==== Records shown

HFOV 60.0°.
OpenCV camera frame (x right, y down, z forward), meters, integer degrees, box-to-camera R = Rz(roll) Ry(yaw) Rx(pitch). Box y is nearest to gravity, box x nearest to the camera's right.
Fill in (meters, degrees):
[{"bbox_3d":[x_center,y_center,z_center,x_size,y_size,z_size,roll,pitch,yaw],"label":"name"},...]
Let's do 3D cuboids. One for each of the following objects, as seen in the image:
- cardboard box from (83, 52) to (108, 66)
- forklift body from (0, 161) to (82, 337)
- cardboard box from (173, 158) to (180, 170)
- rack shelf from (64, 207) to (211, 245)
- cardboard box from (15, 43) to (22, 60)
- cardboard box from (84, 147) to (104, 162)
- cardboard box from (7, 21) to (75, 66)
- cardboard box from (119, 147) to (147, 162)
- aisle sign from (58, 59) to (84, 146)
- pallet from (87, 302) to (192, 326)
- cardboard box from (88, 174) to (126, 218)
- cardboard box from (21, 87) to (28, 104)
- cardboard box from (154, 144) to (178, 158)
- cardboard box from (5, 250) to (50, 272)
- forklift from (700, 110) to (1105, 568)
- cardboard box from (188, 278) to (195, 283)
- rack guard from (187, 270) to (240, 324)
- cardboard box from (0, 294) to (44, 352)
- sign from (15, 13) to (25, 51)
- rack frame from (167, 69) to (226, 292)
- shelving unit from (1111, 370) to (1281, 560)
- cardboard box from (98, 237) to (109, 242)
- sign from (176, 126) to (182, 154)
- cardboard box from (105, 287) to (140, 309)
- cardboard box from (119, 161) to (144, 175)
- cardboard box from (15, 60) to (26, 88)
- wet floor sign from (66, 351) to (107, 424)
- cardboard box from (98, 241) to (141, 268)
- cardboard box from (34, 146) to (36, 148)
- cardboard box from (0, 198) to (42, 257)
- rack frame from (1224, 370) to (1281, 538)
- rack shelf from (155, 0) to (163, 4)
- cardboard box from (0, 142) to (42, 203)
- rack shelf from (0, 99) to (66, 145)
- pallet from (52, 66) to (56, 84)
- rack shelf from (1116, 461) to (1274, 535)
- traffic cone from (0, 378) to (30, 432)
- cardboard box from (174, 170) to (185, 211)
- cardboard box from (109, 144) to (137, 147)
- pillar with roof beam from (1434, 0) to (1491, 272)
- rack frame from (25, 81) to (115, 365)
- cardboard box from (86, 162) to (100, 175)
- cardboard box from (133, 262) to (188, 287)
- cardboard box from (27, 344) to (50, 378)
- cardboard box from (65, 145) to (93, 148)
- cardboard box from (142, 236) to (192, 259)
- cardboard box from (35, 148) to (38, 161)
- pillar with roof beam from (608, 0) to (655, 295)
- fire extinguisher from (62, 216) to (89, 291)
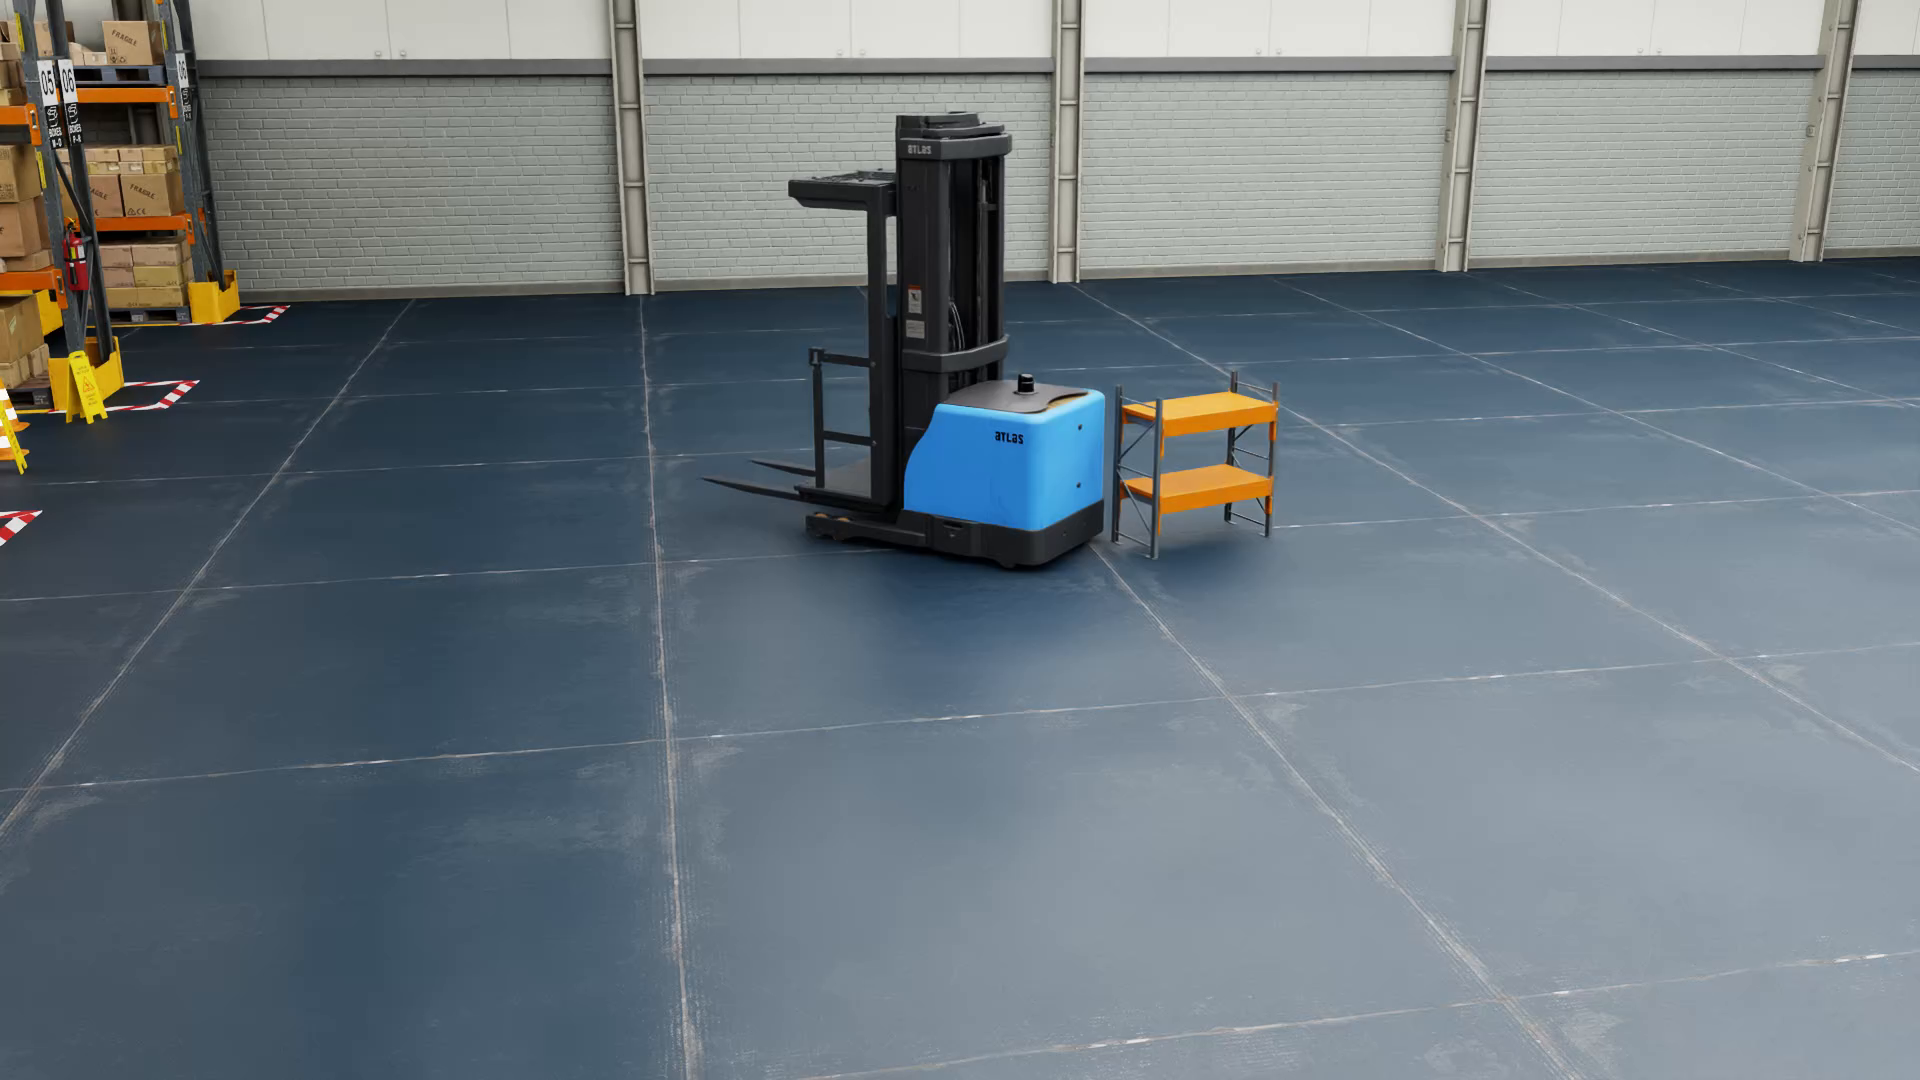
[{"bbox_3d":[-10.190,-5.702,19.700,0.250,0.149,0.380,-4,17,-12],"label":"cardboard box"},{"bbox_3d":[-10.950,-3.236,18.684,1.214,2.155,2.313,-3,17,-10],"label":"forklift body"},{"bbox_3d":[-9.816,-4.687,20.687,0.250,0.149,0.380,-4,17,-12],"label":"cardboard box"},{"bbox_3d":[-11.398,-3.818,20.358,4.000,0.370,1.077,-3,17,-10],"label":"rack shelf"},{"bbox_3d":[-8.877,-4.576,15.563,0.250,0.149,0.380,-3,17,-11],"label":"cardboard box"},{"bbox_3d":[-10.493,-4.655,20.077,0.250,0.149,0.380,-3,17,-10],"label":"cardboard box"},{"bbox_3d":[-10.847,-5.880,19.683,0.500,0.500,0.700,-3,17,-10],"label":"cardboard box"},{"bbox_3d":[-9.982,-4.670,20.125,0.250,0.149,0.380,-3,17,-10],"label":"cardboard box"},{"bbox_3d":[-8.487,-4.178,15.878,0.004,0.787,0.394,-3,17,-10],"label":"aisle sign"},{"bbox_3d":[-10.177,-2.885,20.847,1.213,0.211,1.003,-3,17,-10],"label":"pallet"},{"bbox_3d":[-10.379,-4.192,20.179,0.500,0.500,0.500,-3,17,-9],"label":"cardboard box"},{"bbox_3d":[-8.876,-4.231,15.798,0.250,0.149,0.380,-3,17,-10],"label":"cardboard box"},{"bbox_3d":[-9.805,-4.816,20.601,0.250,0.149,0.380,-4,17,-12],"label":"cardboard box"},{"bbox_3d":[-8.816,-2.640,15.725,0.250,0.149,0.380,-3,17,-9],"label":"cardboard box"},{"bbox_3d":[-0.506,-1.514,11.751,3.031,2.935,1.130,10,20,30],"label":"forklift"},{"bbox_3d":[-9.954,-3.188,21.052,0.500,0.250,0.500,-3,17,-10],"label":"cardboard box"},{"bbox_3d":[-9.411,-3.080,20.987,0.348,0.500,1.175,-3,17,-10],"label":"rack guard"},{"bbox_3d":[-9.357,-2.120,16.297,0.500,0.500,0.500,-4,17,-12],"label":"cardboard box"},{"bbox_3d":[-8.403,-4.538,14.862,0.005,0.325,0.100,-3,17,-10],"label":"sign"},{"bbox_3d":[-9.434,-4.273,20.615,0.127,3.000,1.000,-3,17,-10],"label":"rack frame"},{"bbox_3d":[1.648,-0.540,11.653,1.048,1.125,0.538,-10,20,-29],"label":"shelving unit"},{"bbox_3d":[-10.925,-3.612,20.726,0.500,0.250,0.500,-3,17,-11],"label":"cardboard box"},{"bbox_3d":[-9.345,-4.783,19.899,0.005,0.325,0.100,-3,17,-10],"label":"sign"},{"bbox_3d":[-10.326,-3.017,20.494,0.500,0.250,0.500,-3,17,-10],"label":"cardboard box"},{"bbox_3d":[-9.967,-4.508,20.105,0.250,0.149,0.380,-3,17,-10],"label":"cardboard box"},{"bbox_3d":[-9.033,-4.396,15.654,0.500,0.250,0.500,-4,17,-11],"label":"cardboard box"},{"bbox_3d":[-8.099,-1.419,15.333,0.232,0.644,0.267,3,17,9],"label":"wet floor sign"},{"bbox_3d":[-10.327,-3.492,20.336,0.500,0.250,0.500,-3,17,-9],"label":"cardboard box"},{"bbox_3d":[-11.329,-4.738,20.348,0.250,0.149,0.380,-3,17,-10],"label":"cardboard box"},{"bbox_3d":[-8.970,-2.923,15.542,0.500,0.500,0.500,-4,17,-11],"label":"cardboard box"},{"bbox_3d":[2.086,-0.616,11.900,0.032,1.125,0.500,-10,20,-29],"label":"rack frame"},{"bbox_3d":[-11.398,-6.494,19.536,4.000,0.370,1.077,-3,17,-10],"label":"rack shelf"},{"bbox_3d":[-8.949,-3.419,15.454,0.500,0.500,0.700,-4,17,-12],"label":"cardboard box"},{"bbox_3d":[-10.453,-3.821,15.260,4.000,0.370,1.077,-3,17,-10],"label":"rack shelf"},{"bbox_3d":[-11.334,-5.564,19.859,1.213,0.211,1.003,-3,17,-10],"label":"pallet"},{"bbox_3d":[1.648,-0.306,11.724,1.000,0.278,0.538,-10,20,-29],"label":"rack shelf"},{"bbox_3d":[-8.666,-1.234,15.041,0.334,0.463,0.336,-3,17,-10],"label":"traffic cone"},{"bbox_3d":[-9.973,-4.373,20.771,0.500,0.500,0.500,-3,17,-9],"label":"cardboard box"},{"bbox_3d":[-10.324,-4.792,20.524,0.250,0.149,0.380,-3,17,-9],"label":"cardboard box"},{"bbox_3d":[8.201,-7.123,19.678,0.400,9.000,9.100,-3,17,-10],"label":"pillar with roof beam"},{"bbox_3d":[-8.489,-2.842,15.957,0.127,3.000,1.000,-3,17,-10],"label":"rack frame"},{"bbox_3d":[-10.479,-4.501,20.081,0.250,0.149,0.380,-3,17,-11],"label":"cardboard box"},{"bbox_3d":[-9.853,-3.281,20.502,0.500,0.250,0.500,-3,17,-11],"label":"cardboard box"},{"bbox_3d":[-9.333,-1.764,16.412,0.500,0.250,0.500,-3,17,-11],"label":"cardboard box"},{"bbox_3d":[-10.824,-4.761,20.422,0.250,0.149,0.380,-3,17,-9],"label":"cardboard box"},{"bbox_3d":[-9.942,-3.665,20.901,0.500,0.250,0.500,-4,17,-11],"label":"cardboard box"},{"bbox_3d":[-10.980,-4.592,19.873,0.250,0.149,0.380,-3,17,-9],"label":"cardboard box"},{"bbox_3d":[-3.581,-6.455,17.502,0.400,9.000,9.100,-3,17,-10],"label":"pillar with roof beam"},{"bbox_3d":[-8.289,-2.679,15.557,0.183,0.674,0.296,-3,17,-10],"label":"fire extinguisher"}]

========
==== Records shown

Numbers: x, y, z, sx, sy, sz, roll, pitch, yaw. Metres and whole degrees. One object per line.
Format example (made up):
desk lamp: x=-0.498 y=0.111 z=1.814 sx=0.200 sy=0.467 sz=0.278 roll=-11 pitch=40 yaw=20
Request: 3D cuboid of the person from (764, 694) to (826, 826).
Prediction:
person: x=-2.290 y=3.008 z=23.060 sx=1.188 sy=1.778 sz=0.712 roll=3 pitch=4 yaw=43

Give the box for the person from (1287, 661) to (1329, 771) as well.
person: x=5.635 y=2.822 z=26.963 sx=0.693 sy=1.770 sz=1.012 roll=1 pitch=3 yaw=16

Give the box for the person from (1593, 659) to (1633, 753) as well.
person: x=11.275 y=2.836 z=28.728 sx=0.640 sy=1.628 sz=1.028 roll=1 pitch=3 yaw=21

========

Go through the data, and copy each line in which the word "degrees" appears.

Result of the task -
OpenCV camera frame (x right, y down, z forward), meters, integer degrees, box-to-camera R = Rz(roll) Ry(yaw) Rx(pitch). Box y is nearest to gravity, box x nearest to the camera's right.
Fill in (meters, degrees):
Numbers: x, y, z, sx, sy, sz, roll, pitch, yaw. Metres and whole degrees. One object per line.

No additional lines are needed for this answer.